EXERCISE BRIEF:
Write the records out again without change. Leave the pictures behind.

[Stored records]
'''

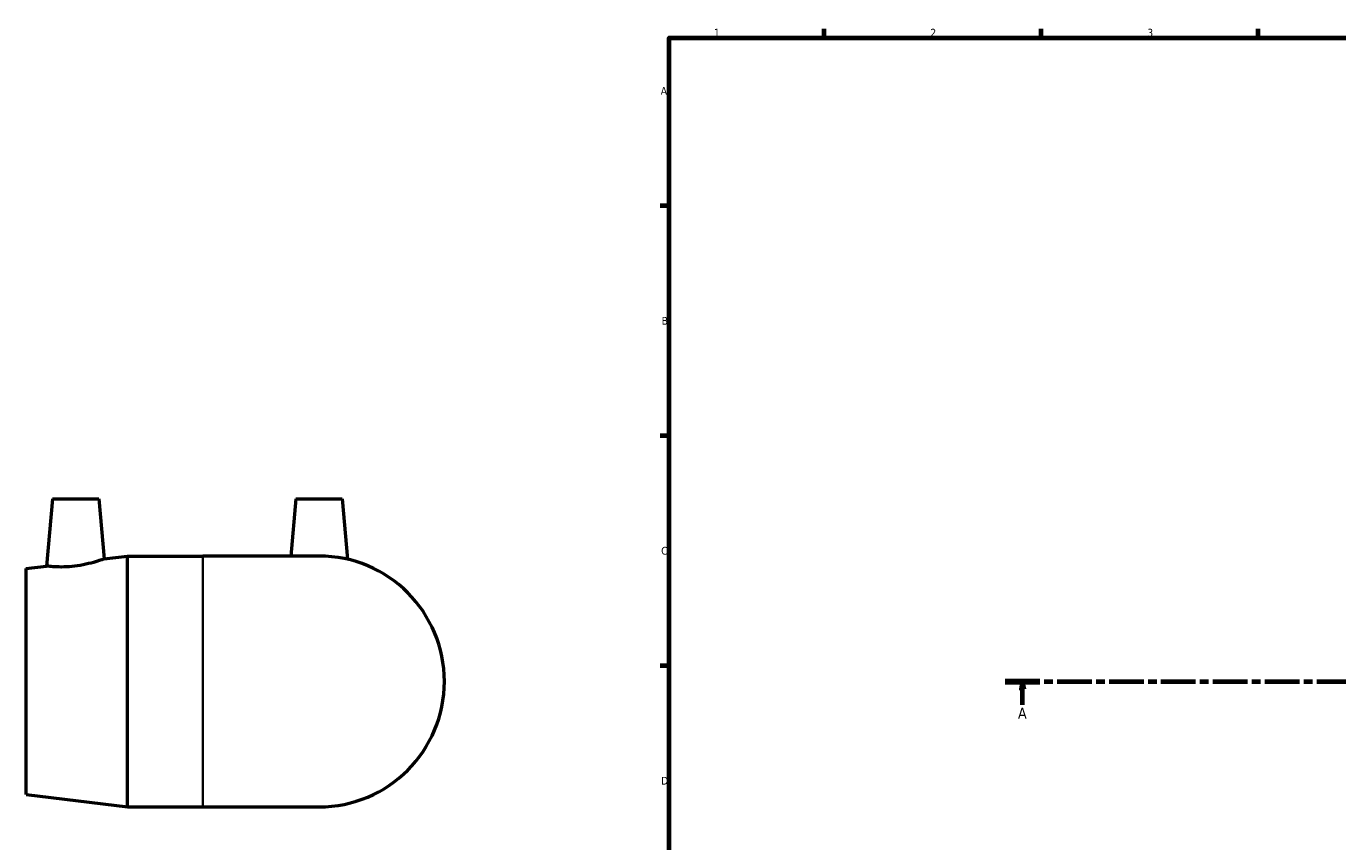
# Model space of a CAD drawing. Header units: millimetres. Extents: x -188 to 1345, y -240 to 886.
# Tile 2 of 6: x -188 to 236, y 314 to 578. Entities that reach past the tile are written whole.
import ezdxf

# ---------------------------------------------------------------- set-up
doc = ezdxf.new("R2010")
doc.units = ezdxf.units.MM
doc.linetypes.add('CHAIN', pattern=[0.3543, 0.2362, -0.0295, 0.0591, -0.0295])
for name, color, linetype, lineweight in [('Border (ISO)', 7, 'Continuous', 70), ('Section Line (ISO)', 7, 'CHAIN', 70), ('Visible (ISO)', 7, 'Continuous', 50), ('Visible Narrow (ISO)', 7, 'Continuous', 35)]:
    doc.layers.add(name, color=color, linetype=linetype, lineweight=lineweight)
doc.styles.add('Label Text (ISO)', font='tahoma.ttf')
doc.styles.add('Note Text (ISO)', font='tahoma.ttf')

# ---------------------------------------------------------------- blocks, each defined once
blk = doc.blocks.new('Borders Default Border')
at = {"layer": 'Border (ISO)'}
for p, q in [((70.08, 574), (70.08, 576.9)), ((140.17, 574), (140.17, 576.9)), ((210.25, 574), (210.25, 576.9)), ((20, 519.75), (17.1, 519.75)), ((20, 445.5), (17.1, 445.5)), ((20, 371.25), (17.1, 371.25))]:
    blk.add_line(p, q, dxfattribs=at)
at = {"layer": 'Border (ISO)', "flags": 128}
blk.add_lwpolyline([(20, 20), (20, 574), (821, 574), (821, 20), (20, 20)], dxfattribs=at)
at = {"layer": 'Border (ISO)', "color": 232, "true_color": 0xca0064, "char_height": 2.5, "attachment_point": 7, "style": 'Note Text (ISO)'}
for s, insert in [('1', (34.48, 574.4)), ('2', (104.37, 574.4)), ('3', (174.43, 574.35)), ('A', (17.29, 555.62)), ('B', (17.59, 481.37)), ('C', (17.43, 407.08)), ('D', (17.43, 332.88))]:
    blk.add_mtext(s, dxfattribs=dict(at, insert=insert))
blk = doc.blocks.new('2dTransSection0')
at = {"layer": 'Section Line (ISO)', "linetype": 'CHAIN', "ltscale": 47.315063}
blk.add_line((128.55, 366.18), (860.56, 366.18), dxfattribs=at)
at = {"layer": 'Section Line (ISO)', "linetype": 'Continuous', "lineweight": 140}
blk.add_line((128.55, 366.18), (139.72, 366.18), dxfattribs=at)
at = {"layer": 'Section Line (ISO)', "linetype": 'Continuous'}
for p, q in [((134.14, 366.18), (133.64, 363.68)), ((134.14, 363.68), (134.14, 366.18)), ((134.64, 363.68), (134.14, 366.18)), ((133.64, 363.68), (134.64, 363.68)), ((134.14, 358.68), (134.14, 363.68))]:
    blk.add_line(p, q, dxfattribs=at)
at = {"layer": 'Section Line (ISO)', "linetype": 'Continuous', "flags": 128}
blk.add_lwpolyline([(134.64, 363.68), (134.14, 366.18), (133.64, 363.68), (134.64, 363.68)], dxfattribs=at)
at = {"layer": 'Section Line (ISO)'}
blk.add_solid([(134.64, 363.68), (134.14, 366.18), (133.64, 363.68), (134.64, 363.68)], dxfattribs=at)
at = {"layer": 'Section Line (ISO)', "insert": (132.65, 354.18), "char_height": 3.5, "attachment_point": 7, "style": 'Label Text (ISO)'}
blk.add_mtext('A', dxfattribs=at)

msp = doc.modelspace()

# ---------------------------------------------------------------- linework, layer by layer
at = {"layer": 'Visible (ISO)'}
for p, q in [((-179.156, 425.177), (-181.058, 403.437)), ((-179.156, 425.177), (-164.156, 425.177)), ((-164.156, 425.177), (-162.456, 405.738)), ((-100.556, 425.177), (-102.175, 406.677)), ((-100.556, 425.177), (-85.556, 425.177)), ((-85.556, 425.177), (-83.845, 405.616)), ((-162.456, 405.738), (-154.856, 406.677)), ((-154.856, 325.677), (-154.856, 406.677)), ((-154.856, 406.677), (-130.606, 406.677)), ((-93.056, 406.677), (-130.606, 406.677)), ((-187.606, 402.627), (-181.058, 403.437)), ((-187.606, 329.727), (-187.606, 402.627)), ((-187.606, 329.727), (-154.856, 325.677)), ((-154.856, 325.677), (-130.606, 325.677)), ((-130.606, 325.677), (-93.056, 325.677))]:
    msp.add_line(p, q, dxfattribs=at)
msp.add_arc((-93.056, 366.177), 40.5, 270, 90, dxfattribs=at)
for points, knots in [([(-172.04, 403.384), (-173.18, 403.247), (-174.395, 403.161), (-176.623, 403.109), (-177.635, 403.14), (-179.23, 403.234), (-179.921, 403.302), (-180.835, 403.405), (-181.058, 403.437), (-181.058, 403.437)], [0, 0, 0, 0, 0.3447095, 0.3447095, 0.6894191, 0.6894191, 1.0362964, 1.0362964, 1.3831737, 1.3831737, 1.3831737, 1.3831737]), ([(-162.456, 405.738), (-162.456, 405.738), (-162.698, 405.647), (-163.668, 405.311), (-164.396, 405.067), (-166.08, 404.565), (-167.158, 404.272), (-169.528, 403.752), (-170.82, 403.53), (-172.04, 403.384)], [4.2247936, 4.2247936, 4.2247936, 4.2247936, 4.5854244, 4.5854244, 4.9460552, 4.9460552, 5.3146475, 5.3146475, 5.6832399, 5.6832399, 5.6832399, 5.6832399])]:
    msp.add_open_spline(points, degree=3, knots=knots, dxfattribs=at)
at = {"layer": 'Visible Narrow (ISO)'}
msp.add_line((-130.606, 326.176), (-130.606, 406.179), dxfattribs=at)

# ---------------------------------------------------------------- block references
msp.add_blockref('Borders Default Border', (0, 0))
at = {"layer": 'Section Line (ISO)'}
msp.add_blockref('2dTransSection0', (0, 0), dxfattribs=at)

doc.saveas('drawing.dxf')

'''

ANSWER AREA:
# Model space of a CAD drawing. Header units: millimetres. Extents: x -188 to 1345, y -240 to 886.
# Tile 2 of 6: x -188 to 236, y 314 to 578. Entities that reach past the tile are written whole.
import ezdxf

# ---------------------------------------------------------------- set-up
doc = ezdxf.new("R2010")
doc.units = ezdxf.units.MM
doc.linetypes.add('CHAIN', pattern=[0.3543, 0.2362, -0.0295, 0.0591, -0.0295])
for name, color, linetype, lineweight in [('Border (ISO)', 7, 'Continuous', 70), ('Section Line (ISO)', 7, 'CHAIN', 70), ('Visible (ISO)', 7, 'Continuous', 50), ('Visible Narrow (ISO)', 7, 'Continuous', 35)]:
    doc.layers.add(name, color=color, linetype=linetype, lineweight=lineweight)
doc.styles.add('Label Text (ISO)', font='tahoma.ttf')
doc.styles.add('Note Text (ISO)', font='tahoma.ttf')

# ---------------------------------------------------------------- blocks, each defined once
blk = doc.blocks.new('Borders Default Border')
at = {"layer": 'Border (ISO)'}
for p, q in [((70.08, 574), (70.08, 576.9)), ((140.17, 574), (140.17, 576.9)), ((210.25, 574), (210.25, 576.9)), ((20, 519.75), (17.1, 519.75)), ((20, 445.5), (17.1, 445.5)), ((20, 371.25), (17.1, 371.25))]:
    blk.add_line(p, q, dxfattribs=at)
at = {"layer": 'Border (ISO)', "flags": 128}
blk.add_lwpolyline([(20, 20), (20, 574), (821, 574), (821, 20), (20, 20)], dxfattribs=at)
at = {"layer": 'Border (ISO)', "color": 232, "true_color": 0xca0064, "char_height": 2.5, "attachment_point": 7, "style": 'Note Text (ISO)'}
for s, insert in [('1', (34.48, 574.4)), ('2', (104.37, 574.4)), ('3', (174.43, 574.35)), ('A', (17.29, 555.62)), ('B', (17.59, 481.37)), ('C', (17.43, 407.08)), ('D', (17.43, 332.88))]:
    blk.add_mtext(s, dxfattribs=dict(at, insert=insert))
blk = doc.blocks.new('2dTransSection0')
at = {"layer": 'Section Line (ISO)', "linetype": 'CHAIN', "ltscale": 47.315063}
blk.add_line((128.55, 366.18), (860.56, 366.18), dxfattribs=at)
at = {"layer": 'Section Line (ISO)', "linetype": 'Continuous', "lineweight": 140}
blk.add_line((128.55, 366.18), (139.72, 366.18), dxfattribs=at)
at = {"layer": 'Section Line (ISO)', "linetype": 'Continuous'}
for p, q in [((134.14, 366.18), (133.64, 363.68)), ((134.14, 363.68), (134.14, 366.18)), ((134.64, 363.68), (134.14, 366.18)), ((133.64, 363.68), (134.64, 363.68)), ((134.14, 358.68), (134.14, 363.68))]:
    blk.add_line(p, q, dxfattribs=at)
at = {"layer": 'Section Line (ISO)', "linetype": 'Continuous', "flags": 128}
blk.add_lwpolyline([(134.64, 363.68), (134.14, 366.18), (133.64, 363.68), (134.64, 363.68)], dxfattribs=at)
at = {"layer": 'Section Line (ISO)'}
blk.add_solid([(134.64, 363.68), (134.14, 366.18), (133.64, 363.68), (134.64, 363.68)], dxfattribs=at)
at = {"layer": 'Section Line (ISO)', "insert": (132.65, 354.18), "char_height": 3.5, "attachment_point": 7, "style": 'Label Text (ISO)'}
blk.add_mtext('A', dxfattribs=at)

msp = doc.modelspace()

# ---------------------------------------------------------------- linework, layer by layer
at = {"layer": 'Visible (ISO)'}
for p, q in [((-179.156, 425.177), (-181.058, 403.437)), ((-179.156, 425.177), (-164.156, 425.177)), ((-164.156, 425.177), (-162.456, 405.738)), ((-100.556, 425.177), (-102.175, 406.677)), ((-100.556, 425.177), (-85.556, 425.177)), ((-85.556, 425.177), (-83.845, 405.616)), ((-162.456, 405.738), (-154.856, 406.677)), ((-154.856, 325.677), (-154.856, 406.677)), ((-154.856, 406.677), (-130.606, 406.677)), ((-93.056, 406.677), (-130.606, 406.677)), ((-187.606, 402.627), (-181.058, 403.437)), ((-187.606, 329.727), (-187.606, 402.627)), ((-187.606, 329.727), (-154.856, 325.677)), ((-154.856, 325.677), (-130.606, 325.677)), ((-130.606, 325.677), (-93.056, 325.677))]:
    msp.add_line(p, q, dxfattribs=at)
msp.add_arc((-93.056, 366.177), 40.5, 270, 90, dxfattribs=at)
for points, knots in [([(-172.04, 403.384), (-173.18, 403.247), (-174.395, 403.161), (-176.623, 403.109), (-177.635, 403.14), (-179.23, 403.234), (-179.921, 403.302), (-180.835, 403.405), (-181.058, 403.437), (-181.058, 403.437)], [0, 0, 0, 0, 0.3447095, 0.3447095, 0.6894191, 0.6894191, 1.0362964, 1.0362964, 1.3831737, 1.3831737, 1.3831737, 1.3831737]), ([(-162.456, 405.738), (-162.456, 405.738), (-162.698, 405.647), (-163.668, 405.311), (-164.396, 405.067), (-166.08, 404.565), (-167.158, 404.272), (-169.528, 403.752), (-170.82, 403.53), (-172.04, 403.384)], [4.2247936, 4.2247936, 4.2247936, 4.2247936, 4.5854244, 4.5854244, 4.9460552, 4.9460552, 5.3146475, 5.3146475, 5.6832399, 5.6832399, 5.6832399, 5.6832399])]:
    msp.add_open_spline(points, degree=3, knots=knots, dxfattribs=at)
at = {"layer": 'Visible Narrow (ISO)'}
msp.add_line((-130.606, 326.176), (-130.606, 406.179), dxfattribs=at)

# ---------------------------------------------------------------- block references
msp.add_blockref('Borders Default Border', (0, 0))
at = {"layer": 'Section Line (ISO)'}
msp.add_blockref('2dTransSection0', (0, 0), dxfattribs=at)

doc.saveas('drawing.dxf')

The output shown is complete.